While in the second school of thought, in San Miguel Eskrima special emphasis is placed on training with the espada y daga (sword and dagger) that Momoy has learned from Jesuis Qui. The system encompasses single and double stick, dagger, long blade, bullwhip, staff as well as non-weapon, empty hand areas such as striking, elbows, takedowns, chokes, knees and kicks. Like all eskrima systems, San Miguel Eskrima uses the rattan stick as a primary teaching tool in place of other bladed weapons.

San Miguel Eskrima is characterized by constant movement, efficiency and simplicity. Proper and precise body mechanics are emphasized, as do proper striking involving speed and power. Although the system trains with both low stances and stand up stances more common in today's Doce Pares as influenced by Momoy's brother Cacoy, the former (low) stances are preferred by SME practitioners for its power and stability. However, both low and high stances are employed when the situation arises. The system encompasses close quarter (corto) fighting with weapons and empty hands, long range (largo mano) and throws/grappling (dumog).

San Miguel Eskrima training is skill based, as opposed to technique based. Constant drilling, forms and "repitacions" are combined with one-on-one touch hands guided sparring with the instructor. It is for this skill based approach that SME needs to be taught in a more intimate setting between instructor and student or a smaller group where touching hands with an instructor is essential. It is through this type of interaction that sensitivity is heightened and the instructor "guides" the student. For certain aspects of San Miguel Eskrima such as drills and forms, these aspects of San Miguel Eskrima make it difficult to teach in a large classroom and seminar based environment.

A common source of confusion is that San Miguel Eskrima is separate from Doce Pares; not realizing that San Miguel was a particular expression and methodology of Momoy within the Doce Pares Club and system. Many of the current Doce Pares drills have their roots and terminology in Momoy. Momoy was the club's founder and its longest instructor until his death in 1995.

==Filemon "Momoy" Cañete - founder==
Born Filemon Cañete, on November 22, 1904, in the central Philippine island of Cebu, Momoy was the chief instructor of the Doce Pares Club for 55 years until his death in 1995. Together with Lorenzo Saavedra, Teodoro Saavedra, Rostico Cobarrubias and others they formed the Labangon Fencing Club in 1920. In 1932, Momoy joined both Saavedras and his other brothers to form the Doce Pares Club.

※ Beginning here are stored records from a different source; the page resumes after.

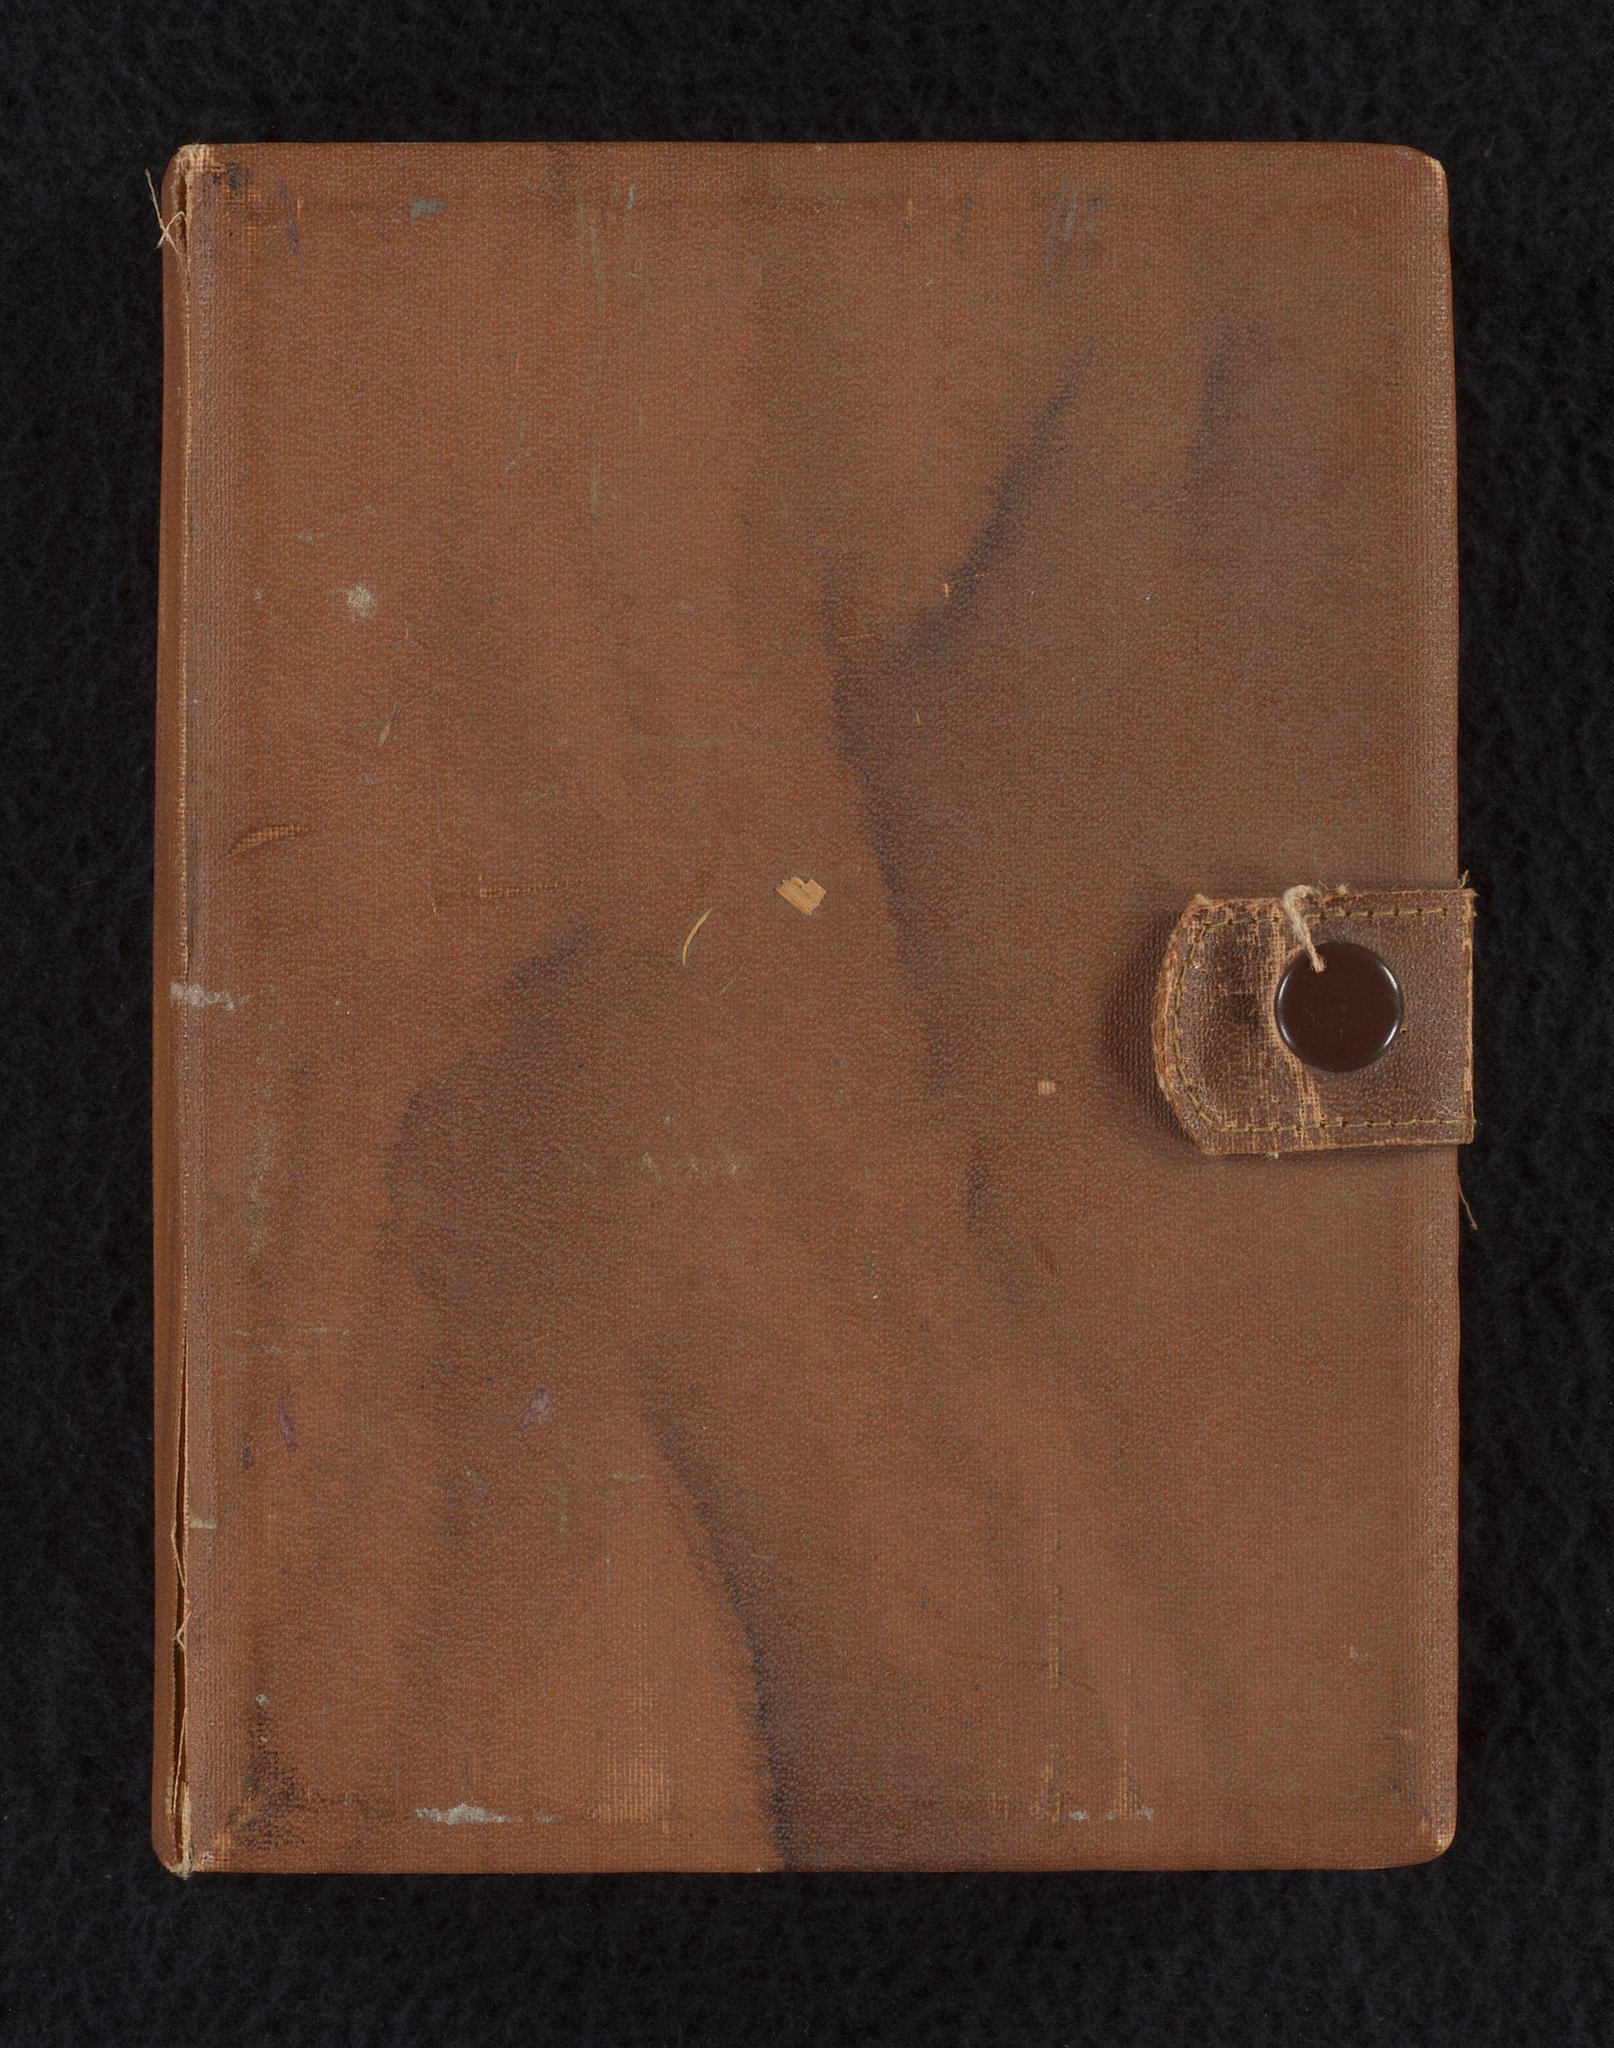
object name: photograph album
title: Fotoalbum met vakantiefoto's Lenzerheide, 1934
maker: else wachenheimer-moos
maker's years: 1895-1944
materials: cardboard, linen
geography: switzerland
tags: leiden, isabel wachenheimer-elon, the family travelling, on holiday
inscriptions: inscription: ‘Lenzerheide Januar - Februar 1934’
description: Dit object is onderdeel van de nalatenschap van Isabel Elon-Wachenheimer (1928-2010). Tot haar overlijden behoorde het samen met de andere objecten uit de nalatenschap tot haar privédomein van Isabel Wachenheimer. In die particuliere context zijn deze objecten tezamen en individueel aandenkens - aan de jeugd, ouders en familie van Isabel Wachenheimer vóór en tijdens de Shoah en aan haar leven na de Tweede Wereldoorlog. Isabel Wachenheimer, die van juni 1943 tot mei 1945 gevangen zat in Kamp Westerbork, Theresienstadt, Auschwitz, Lenzing a/d Oberdonau (een buitenkamp van Mauthausen), overleefde de Shoah. Haar ouders – Eugène Wachenheimer en Else Wachenheimer-Moos - werden op 14 oktober 1944 in Auschwitz-Birkenau vermoord.

Momoy was part of Cebu's famed Cañete clan of eskrimadors (martial artists that practiced eskrima). His brothers included Eulogio (Euling, b. 1919), Tirso, Ciriaco (Cacoy), Rufino and Silvestre.

==Organizations==

With the passing of its founder, Momoy's son Andres "Kano" Cañete has become one of the current official recognized bearers of the system. The remaining top students, former well-known fighters of Momoy and now Grandmasters, Benjamin "Ben" Culanag, Urbano "Banoy" Borja, Federico Mendoza Jnr, Edring Casio, Genaro "Naro" Mendoza serve as the Advisory Council of the system. He will be the first Student of Momoy to open the Club of San Miguel Eskrima in Mambalin Street along with Idring Casio and Prudencio Ondo Caburnay(Lapunti Arnis). The council oversees all functions of the San Miguel Eskrima organization including curriculum and organizational direction.

In addition, the system has expanded globally through independent organizations that maintain its principles while adapting to contemporary practice. One such organization is Filmocan San Miguel Eskrima International, founded by Momoy's grandson, Panto Canete Flores. The group focuses on preserving Filemon “Momoy” Cañete’s original teachings and incorporates classical blade-based techniques alongside modern training approaches.